Pratiquez une activité physique est plus que reconnu pour ses bienfaits. Cela ne signifie pas pour autant qu’il faut s’engager dans un sport de cardio, de sprint, ou de yoga si vous n’aimez pas. Choisissez votre sport adapté à vous uniquement. Pour certains se sera plutôt le tai-chi, le yoga, la gym, pour d’autres ça sera le tennis, badminton, natation…

 

Astuce : alternez un sport qui vous défoule et un autre qui vous apaise, ou bien, finissez votre séance de jogging par du yoga. Là aussi tout dépend de chacun, selon son comportement et ses symptômes.

 

ACTIVITES CREATIVES

 

Créez !!

L’expression créatrice libère des endorphines et d’autres neurotransmetteurs de bien-être, cela réduit la dépression et l’anxiété, soulage la douleur physique, et active le système nerveux parasympathique, réduisant ainsi votre rythme cardiaque, et pression artérielle, mais aussi de ralentir votre respiration, et d’abaisser le cortisol.

 

MUSIQUE

 

Ecouter la musique que vous aimez.
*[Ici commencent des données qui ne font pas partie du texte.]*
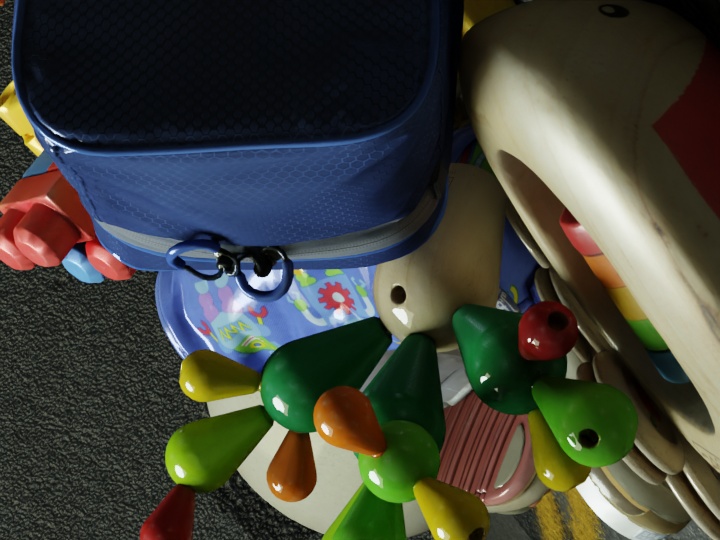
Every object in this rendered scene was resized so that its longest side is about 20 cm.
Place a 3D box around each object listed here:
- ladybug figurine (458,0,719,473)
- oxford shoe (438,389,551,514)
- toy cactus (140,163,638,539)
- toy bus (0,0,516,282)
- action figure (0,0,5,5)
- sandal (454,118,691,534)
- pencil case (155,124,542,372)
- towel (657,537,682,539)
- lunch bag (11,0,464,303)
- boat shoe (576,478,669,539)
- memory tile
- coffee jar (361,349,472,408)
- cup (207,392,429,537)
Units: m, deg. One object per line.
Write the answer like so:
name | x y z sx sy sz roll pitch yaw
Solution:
ladybug figurine | 0.108 -0.009 0.654 0.200 0.072 0.136 55 175 -17
oxford shoe | 0.072 0.092 1.041 0.075 0.071 0.200 26 178 -13
toy cactus | 0.009 0.032 0.712 0.102 0.166 0.200 38 144 -28
toy bus | -0.062 -0.072 0.828 0.136 0.192 0.200 47 152 -21
action figure | -0.142 -0.179 1.014 0.200 0.194 0.105 27 170 42
sandal | 0.101 0.015 0.873 0.080 0.054 0.201 3 -125 -50
pencil case | 0.000 0.000 0.864 0.200 0.078 0.087 -16 116 47
towel | 0.179 0.157 0.824 0.132 0.035 0.200 21 -172 3
lunch bag | -0.033 -0.089 0.677 0.132 0.135 0.201 71 -160 -72
boat shoe | 0.101 0.028 0.949 0.072 0.069 0.201 8 -135 -46
memory tile | 0.128 0.054 0.786 0.200 0.017 0.154 40 -158 -39
coffee jar | -0.007 -0.027 1.023 0.104 0.085 0.201 7 -127 -35
cup | 0.022 0.045 1.212 0.201 0.200 0.143 52 150 5
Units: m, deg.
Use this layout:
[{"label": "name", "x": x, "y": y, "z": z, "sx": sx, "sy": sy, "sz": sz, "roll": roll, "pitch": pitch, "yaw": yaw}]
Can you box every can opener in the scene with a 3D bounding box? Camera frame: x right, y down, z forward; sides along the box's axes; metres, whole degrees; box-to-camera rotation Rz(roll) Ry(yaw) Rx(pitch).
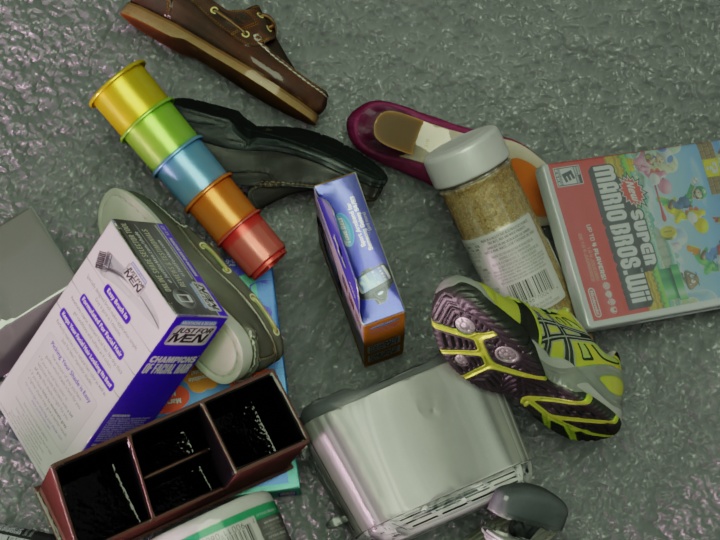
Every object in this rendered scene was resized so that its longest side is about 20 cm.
[{"label": "can opener", "x": 0.187, "y": 0.220, "z": 1.641, "sx": 0.199, "sy": 0.053, "sz": 0.067, "roll": 18, "pitch": 93, "yaw": -24}]

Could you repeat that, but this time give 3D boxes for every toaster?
[{"label": "toaster", "x": 0.052, "y": 0.140, "z": 1.672, "sx": 0.199, "sy": 0.114, "sz": 0.130, "roll": -22, "pitch": 82, "yaw": -13}]

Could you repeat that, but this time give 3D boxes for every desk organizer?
[{"label": "desk organizer", "x": -0.145, "y": 0.152, "z": 1.608, "sx": 0.199, "sy": 0.077, "sz": 0.072, "roll": -23, "pitch": 78, "yaw": -22}]

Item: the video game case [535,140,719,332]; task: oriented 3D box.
[{"label": "video game case", "x": 0.252, "y": -0.032, "z": 1.728, "sx": 0.199, "sy": 0.017, "sz": 0.144, "roll": -9, "pitch": 76, "yaw": -25}]

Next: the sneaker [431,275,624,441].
[{"label": "sneaker", "x": 0.131, "y": 0.058, "z": 1.632, "sx": 0.200, "sy": 0.075, "sz": 0.077, "roll": 39, "pitch": 48, "yaw": -30}]

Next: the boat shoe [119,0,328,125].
[{"label": "boat shoe", "x": -0.108, "y": -0.199, "z": 1.769, "sx": 0.200, "sy": 0.070, "sz": 0.070, "roll": 33, "pitch": 82, "yaw": 6}]

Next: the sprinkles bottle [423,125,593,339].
[{"label": "sprinkles bottle", "x": 0.122, "y": -0.017, "z": 1.698, "sx": 0.068, "sy": 0.068, "sz": 0.201, "roll": -27, "pitch": 100, "yaw": -7}]

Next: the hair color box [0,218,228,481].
[{"label": "hair color box", "x": -0.200, "y": 0.069, "z": 1.641, "sx": 0.200, "sy": 0.065, "sz": 0.109, "roll": -54, "pitch": 56, "yaw": 26}]

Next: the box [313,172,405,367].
[{"label": "box", "x": 0.000, "y": 0.000, "z": 1.657, "sx": 0.041, "sy": 0.200, "sz": 0.119, "roll": -19, "pitch": 78, "yaw": -6}]

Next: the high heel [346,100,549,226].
[{"label": "high heel", "x": 0.082, "y": -0.090, "z": 1.768, "sx": 0.199, "sy": 0.096, "sz": 0.068, "roll": 18, "pitch": 91, "yaw": -17}]

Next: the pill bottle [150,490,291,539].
[{"label": "pill bottle", "x": -0.083, "y": 0.285, "z": 1.629, "sx": 0.113, "sy": 0.113, "sz": 0.201, "roll": -23, "pitch": 83, "yaw": -6}]

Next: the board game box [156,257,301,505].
[{"label": "board game box", "x": -0.135, "y": 0.095, "z": 1.711, "sx": 0.151, "sy": 0.045, "sz": 0.201, "roll": -8, "pitch": 77, "yaw": -3}]

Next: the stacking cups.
[{"label": "stacking cups", "x": -0.137, "y": -0.080, "z": 1.704, "sx": 0.060, "sy": 0.061, "sz": 0.200, "roll": -41, "pitch": 90, "yaw": -10}]

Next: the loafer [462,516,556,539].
[{"label": "loafer", "x": 0.085, "y": 0.264, "z": 1.668, "sx": 0.200, "sy": 0.070, "sz": 0.070, "roll": -38, "pitch": 96, "yaw": -9}]

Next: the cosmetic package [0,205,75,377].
[{"label": "cosmetic package", "x": -0.322, "y": 0.044, "z": 1.687, "sx": 0.200, "sy": 0.107, "sz": 0.090, "roll": -34, "pitch": 74, "yaw": -11}]

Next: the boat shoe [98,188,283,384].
[{"label": "boat shoe", "x": -0.139, "y": 0.009, "z": 1.679, "sx": 0.060, "sy": 0.072, "sz": 0.202, "roll": -14, "pitch": 55, "yaw": -46}]

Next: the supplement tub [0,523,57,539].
[{"label": "supplement tub", "x": -0.273, "y": 0.257, "z": 1.639, "sx": 0.199, "sy": 0.107, "sz": 0.107, "roll": 12, "pitch": 76, "yaw": 3}]

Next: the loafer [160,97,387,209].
[{"label": "loafer", "x": -0.076, "y": -0.086, "z": 1.750, "sx": 0.199, "sy": 0.073, "sz": 0.073, "roll": 17, "pitch": 104, "yaw": 10}]
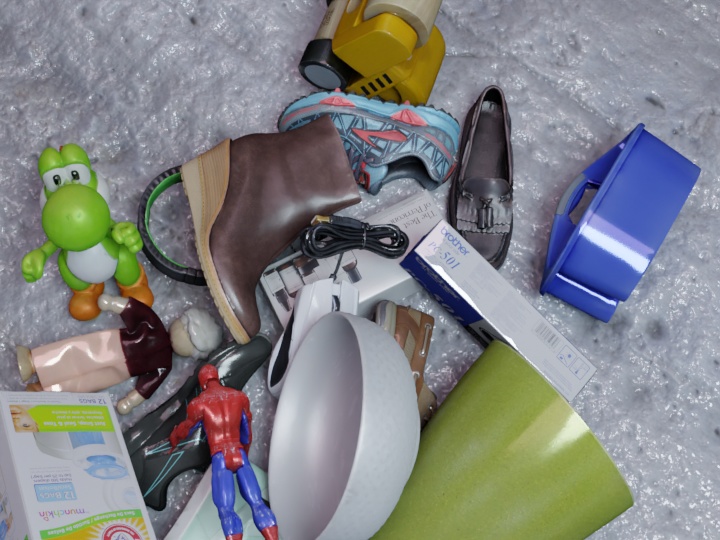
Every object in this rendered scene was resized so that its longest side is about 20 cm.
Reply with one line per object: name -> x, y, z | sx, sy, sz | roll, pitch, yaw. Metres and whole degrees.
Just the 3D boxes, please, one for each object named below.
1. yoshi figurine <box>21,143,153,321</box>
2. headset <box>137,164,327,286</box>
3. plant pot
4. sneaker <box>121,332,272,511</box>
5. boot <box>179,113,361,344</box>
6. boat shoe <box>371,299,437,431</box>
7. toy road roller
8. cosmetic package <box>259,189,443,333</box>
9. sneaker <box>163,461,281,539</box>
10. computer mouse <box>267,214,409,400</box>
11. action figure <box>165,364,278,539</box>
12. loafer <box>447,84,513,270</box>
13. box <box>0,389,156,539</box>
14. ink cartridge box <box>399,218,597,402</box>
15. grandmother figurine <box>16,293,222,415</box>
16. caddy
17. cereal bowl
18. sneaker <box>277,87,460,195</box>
yoshi figurine -> -0.261, -0.023, 0.991 | 0.111, 0.202, 0.112 | 28, 57, 27
headset -> -0.127, -0.048, 1.062 | 0.196, 0.094, 0.126 | 7, 67, -14
plant pot -> 0.104, 0.199, 0.920 | 0.199, 0.187, 0.188 | -39, 72, -6
sneaker -> -0.153, 0.143, 1.006 | 0.200, 0.075, 0.079 | -43, 82, -5
boot -> -0.076, -0.045, 0.998 | 0.163, 0.073, 0.204 | -16, 72, -3
boat shoe -> 0.040, 0.129, 0.999 | 0.070, 0.076, 0.204 | 7, 75, -6
toy road roller -> 0.042, -0.244, 1.093 | 0.145, 0.199, 0.125 | 30, 68, -25
cosmetic package -> 0.000, 0.000, 1.063 | 0.197, 0.051, 0.083 | -27, 71, -9
sneaker -> -0.123, 0.275, 0.940 | 0.116, 0.074, 0.203 | 23, 69, 15
computer mouse -> -0.029, 0.046, 0.990 | 0.108, 0.203, 0.044 | 6, 22, -34
action figure -> -0.120, 0.186, 0.915 | 0.064, 0.099, 0.203 | -4, 62, -26
loafer -> 0.129, -0.099, 1.092 | 0.070, 0.063, 0.204 | 4, 68, 3
box -> -0.259, 0.214, 0.904 | 0.111, 0.102, 0.201 | 7, 39, -37
ink cartridge box -> 0.128, 0.042, 0.992 | 0.200, 0.094, 0.044 | 44, 80, 0
grandmother figurine -> -0.232, 0.078, 1.025 | 0.196, 0.123, 0.061 | -13, 29, -14
caddy -> 0.246, -0.050, 1.029 | 0.104, 0.142, 0.201 | 31, 71, 10
cereal bowl -> -0.006, 0.142, 0.892 | 0.082, 0.200, 0.204 | 16, 66, -23
sneaker -> 0.005, -0.131, 1.101 | 0.196, 0.080, 0.097 | 6, 70, 4
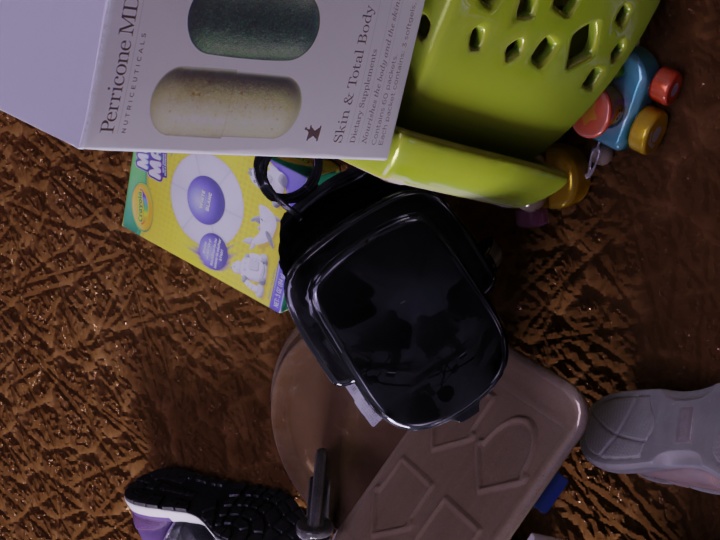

Nous connaissons tous le pouvoir de la musique pour améliorer l’humeur et réduire le stress. Cela peut vous aider à réduire un niveau de cortisol élevé. Chantez, sifflez, dansez, c’est encore mieux !

 

MEDITATION ET RESPIRATION

 

En se concentrant sur le présent plutôt que de laisser à la dérive l’esprit, surtout s’il est négatif et stressé. La respiration permet de mieux réguler son rythme cardiaque et de ralentir son cortisol.

 

LE SOMMEIL

 

shutterstock_175868879Il est prouvé qu’il vaut mieux éviter les décalages horaires allant à l’encontre du soleil, c’est à dire se coucher tard, se lever tard alors que le soleil fait l’inverse. Nous sommes fait pour vivre le jour et non la nuit.

 

Le taux de sérotonine et de cortisol est élevé le matin et diminue le soir. Comme expliqué plus haut, si le taux atteint un niveau plus élevé que la normale, nous développons une résistance avec des troubles annexes, tels que le sommeil. Ce dernier entraînant lui aussi des effets secondaires néfastes s’il n’est pas de bonne qualité. Une boucle sans fin et infernale se crée.